### Input data
####################

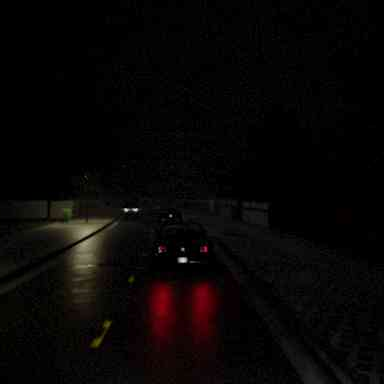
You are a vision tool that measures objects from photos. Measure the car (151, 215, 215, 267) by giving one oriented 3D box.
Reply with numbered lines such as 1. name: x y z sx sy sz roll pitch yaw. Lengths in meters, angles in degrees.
1. car: -0.385 1.714 11.891 1.895 1.301 4.718 0 -1 -3

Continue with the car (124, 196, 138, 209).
1. car: -10.703 1.797 58.351 2.150 2.045 5.566 0 -1 -14

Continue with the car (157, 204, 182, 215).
1. car: -1.984 1.753 28.763 1.882 1.535 5.008 0 0 -7
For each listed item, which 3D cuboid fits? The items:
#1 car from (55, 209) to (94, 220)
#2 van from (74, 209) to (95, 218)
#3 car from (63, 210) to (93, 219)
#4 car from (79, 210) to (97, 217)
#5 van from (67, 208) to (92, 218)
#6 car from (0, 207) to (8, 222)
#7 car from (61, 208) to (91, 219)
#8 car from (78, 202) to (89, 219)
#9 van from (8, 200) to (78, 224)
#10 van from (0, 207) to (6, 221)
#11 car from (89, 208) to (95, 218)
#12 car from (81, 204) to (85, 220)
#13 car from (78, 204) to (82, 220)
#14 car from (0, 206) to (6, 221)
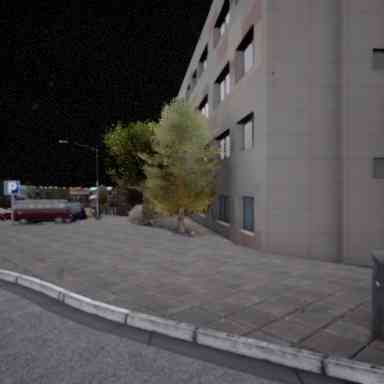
[{"bbox_3d":[-17.862,3.398,50.792,5.366,1.575,1.946,0,-4,-14],"label":"car"},{"bbox_3d":[-24.152,4.778,75.097,4.442,1.987,1.878,0,-4,-14],"label":"van"},{"bbox_3d":[-20.121,3.936,58.847,4.892,1.521,2.231,0,-4,-14],"label":"car"},{"bbox_3d":[-27.688,5.769,88.574,4.553,1.767,2.185,0,-4,-14],"label":"car"},{"bbox_3d":[-21.614,4.066,64.236,4.442,1.987,1.878,0,-4,-14],"label":"van"},{"bbox_3d":[-23.562,2.890,41.117,1.882,1.535,5.008,0,-3,-14],"label":"car"},{"bbox_3d":[-19.457,3.632,56.149,4.553,1.767,2.185,0,-4,-14],"label":"car"},{"bbox_3d":[-13.926,2.082,34.549,5.566,2.045,2.435,0,-4,-14],"label":"car"},{"bbox_3d":[-11.717,1.642,26.500,4.442,1.987,1.878,0,-3,-14],"label":"van"},{"bbox_3d":[-30.725,3.335,50.105,4.442,1.987,1.878,0,-4,-14],"label":"van"},{"bbox_3d":[-16.480,3.042,45.390,5.366,1.575,1.946,0,-4,-14],"label":"car"},{"bbox_3d":[-13.219,2.162,31.896,5.008,1.535,2.097,0,-4,-15],"label":"car"},{"bbox_3d":[-12.488,2.032,29.163,4.792,1.488,2.163,0,-3,-14],"label":"car"},{"bbox_3d":[-29.950,3.132,47.430,5.566,2.045,2.435,0,-4,-14],"label":"car"}]
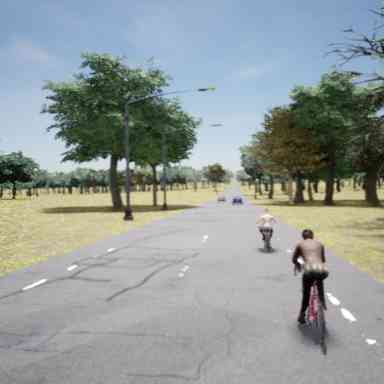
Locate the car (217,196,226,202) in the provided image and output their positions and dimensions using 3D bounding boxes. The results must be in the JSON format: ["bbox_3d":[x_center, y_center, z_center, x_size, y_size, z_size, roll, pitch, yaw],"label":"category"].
[{"bbox_3d":[6.941,1.589,77.982,2.128,1.511,4.902,-1,0,7],"label":"car"}]

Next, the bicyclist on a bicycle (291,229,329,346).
[{"bbox_3d":[1.920,1.439,5.397,0.582,1.620,1.656,-1,-1,7],"label":"bicyclist on a bicycle"}]

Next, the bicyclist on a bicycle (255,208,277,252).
[{"bbox_3d":[2.896,1.431,12.904,0.866,1.612,1.509,-1,0,8],"label":"bicyclist on a bicycle"}]

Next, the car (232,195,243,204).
[{"bbox_3d":[8.717,1.535,63.852,1.882,1.535,5.008,-1,0,8],"label":"car"}]

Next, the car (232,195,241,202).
[{"bbox_3d":[10.105,1.499,75.200,1.882,1.535,5.008,-1,0,7],"label":"car"}]

####################

### What the task requires
Take the entries above and set them down exactly, minus the pictures.

### Finished exercise
You are a vision tool that measures objects from photos. Measure the car (151, 215, 215, 267) by giving one oriented 3D box.
Reply with numbered lines such as 1. name: x y z sx sy sz roll pitch yaw. Lengths in meters, angles in degrees.
1. car: -0.385 1.714 11.891 1.895 1.301 4.718 0 -1 -3

Continue with the car (124, 196, 138, 209).
1. car: -10.703 1.797 58.351 2.150 2.045 5.566 0 -1 -14

Continue with the car (157, 204, 182, 215).
1. car: -1.984 1.753 28.763 1.882 1.535 5.008 0 0 -7
For each listed item, which 3D cuboid fits? The items:
#1 car from (55, 209) to (94, 220)
#2 van from (74, 209) to (95, 218)
#3 car from (63, 210) to (93, 219)
#4 car from (79, 210) to (97, 217)
#5 van from (67, 208) to (92, 218)
#6 car from (0, 207) to (8, 222)
#7 car from (61, 208) to (91, 219)
#8 car from (78, 202) to (89, 219)
#9 van from (8, 200) to (78, 224)
#10 van from (0, 207) to (6, 221)
#11 car from (89, 208) to (95, 218)
#12 car from (81, 204) to (85, 220)
#13 car from (78, 204) to (82, 220)
#14 car from (0, 206) to (6, 221)
[{"bbox_3d":[-17.862,3.398,50.792,5.366,1.575,1.946,0,-4,-14],"label":"car"},{"bbox_3d":[-24.152,4.778,75.097,4.442,1.987,1.878,0,-4,-14],"label":"van"},{"bbox_3d":[-20.121,3.936,58.847,4.892,1.521,2.231,0,-4,-14],"label":"car"},{"bbox_3d":[-27.688,5.769,88.574,4.553,1.767,2.185,0,-4,-14],"label":"car"},{"bbox_3d":[-21.614,4.066,64.236,4.442,1.987,1.878,0,-4,-14],"label":"van"},{"bbox_3d":[-23.562,2.890,41.117,1.882,1.535,5.008,0,-3,-14],"label":"car"},{"bbox_3d":[-19.457,3.632,56.149,4.553,1.767,2.185,0,-4,-14],"label":"car"},{"bbox_3d":[-13.926,2.082,34.549,5.566,2.045,2.435,0,-4,-14],"label":"car"},{"bbox_3d":[-11.717,1.642,26.500,4.442,1.987,1.878,0,-3,-14],"label":"van"},{"bbox_3d":[-30.725,3.335,50.105,4.442,1.987,1.878,0,-4,-14],"label":"van"},{"bbox_3d":[-16.480,3.042,45.390,5.366,1.575,1.946,0,-4,-14],"label":"car"},{"bbox_3d":[-13.219,2.162,31.896,5.008,1.535,2.097,0,-4,-15],"label":"car"},{"bbox_3d":[-12.488,2.032,29.163,4.792,1.488,2.163,0,-3,-14],"label":"car"},{"bbox_3d":[-29.950,3.132,47.430,5.566,2.045,2.435,0,-4,-14],"label":"car"}]
Locate the car (217,196,226,202) in the provided image and output their positions and dimensions using 3D bounding boxes. The results must be in the JSON format: ["bbox_3d":[x_center, y_center, z_center, x_size, y_size, z_size, roll, pitch, yaw],"label":"category"].
[{"bbox_3d":[6.941,1.589,77.982,2.128,1.511,4.902,-1,0,7],"label":"car"}]

Next, the bicyclist on a bicycle (291,229,329,346).
[{"bbox_3d":[1.920,1.439,5.397,0.582,1.620,1.656,-1,-1,7],"label":"bicyclist on a bicycle"}]

Next, the bicyclist on a bicycle (255,208,277,252).
[{"bbox_3d":[2.896,1.431,12.904,0.866,1.612,1.509,-1,0,8],"label":"bicyclist on a bicycle"}]

Next, the car (232,195,243,204).
[{"bbox_3d":[8.717,1.535,63.852,1.882,1.535,5.008,-1,0,8],"label":"car"}]

Next, the car (232,195,241,202).
[{"bbox_3d":[10.105,1.499,75.200,1.882,1.535,5.008,-1,0,7],"label":"car"}]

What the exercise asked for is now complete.